GPIHBP1 expression in gliomas promotes utilization of lipoprotein-derived nutrients

Thank you for submitting your article "GPIHBP1 expression in gliomas promotes utilization of lipoprotein-derived nutrients" for consideration by eLife. Your article has been reviewed by three peer reviewers, and the evaluation has been overseen by a Reviewing Editor and Harry Dietz as the Senior Editor. The following individuals involved in review of your submission have agreed to reveal their identity: Rodney Elwood Infante (Reviewer #1); Rolf Brekken (Reviewer #3).

The reviewers have discussed the reviews with one another and the Reviewing Editor has drafted this decision to help you prepare a revised submission.

Summary:

This well-presented study proposes an intriguing role for GPIHBP1-mediated LPL activity in the context of brain tumors. The authors show that GPIHBP1 is expressed in capillary endothelial cells of gliomas, but not in normal brains. Using NanoSIMS technology, at which the members of this group are experts, they show that GPIHBP1's interaction with LPL allows for gliomas to have increased triglyceride-rich lipoprotein uptake and utilization. They postulate that gliomas use this system as a source of nutrients for their growth. All reviewers agreed that the study was well-executed and that the findings were potentially significant, but all of them raised the same concern about whether GPIHBP1 was important for glioma development or progression. They welcomed a revised submission which addressed this concern, along with answers to some additional questions.

Essential revisions:

1) Please compare the tumor growth, number, and size in WT and GPIHBP1-deficient mice. If gliomas grow well in the absence of GPIHBP1, is this due to expression of Glut-1 on the vasculature in gliomas in GPIHBP1-deficient mice?

2) Provide some additional insight into the mechanism of increased GPIHBP1 expression in glioma associated vasculature. What is known about GPIHBP1 expression in other tissues and are any factors known to be associated with its expression?
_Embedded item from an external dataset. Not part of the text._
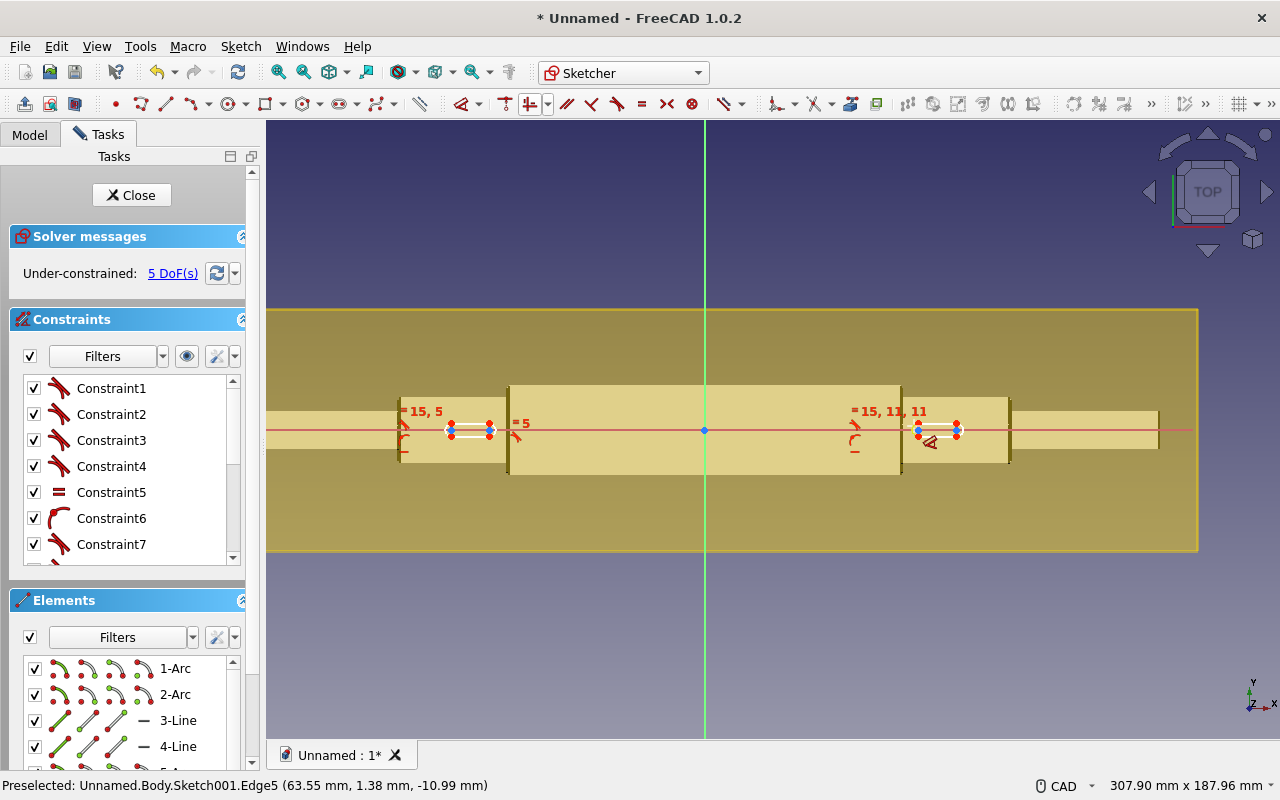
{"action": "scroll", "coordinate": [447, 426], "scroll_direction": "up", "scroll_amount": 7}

3) Is it possible that the tail-vein injected Alexa Fluor 647-labeled GPIHBP1 antibody has access to gliomas and not to the normal brain tissue because of an impaired blood brain barrier in the case of the gliomas? Although there are figures where GPIHBP1 was stained after fixation, it is always done on slides with only normal tissue. An experiment similar to what is done for Glut1 in Figure 4 should be done for GPIHBP1 – slides containing both glioma and normal tissue where both GLUT1 and GPIHBP1 antibodies are used after fixation.

4) Does the expression of LPL affect the expression of GPIHBP1 in gliomas? The LPL knockout mouse model was used for IHC for normal brain tissue, but not for the glioma model (Figure 5—figure supplement 5).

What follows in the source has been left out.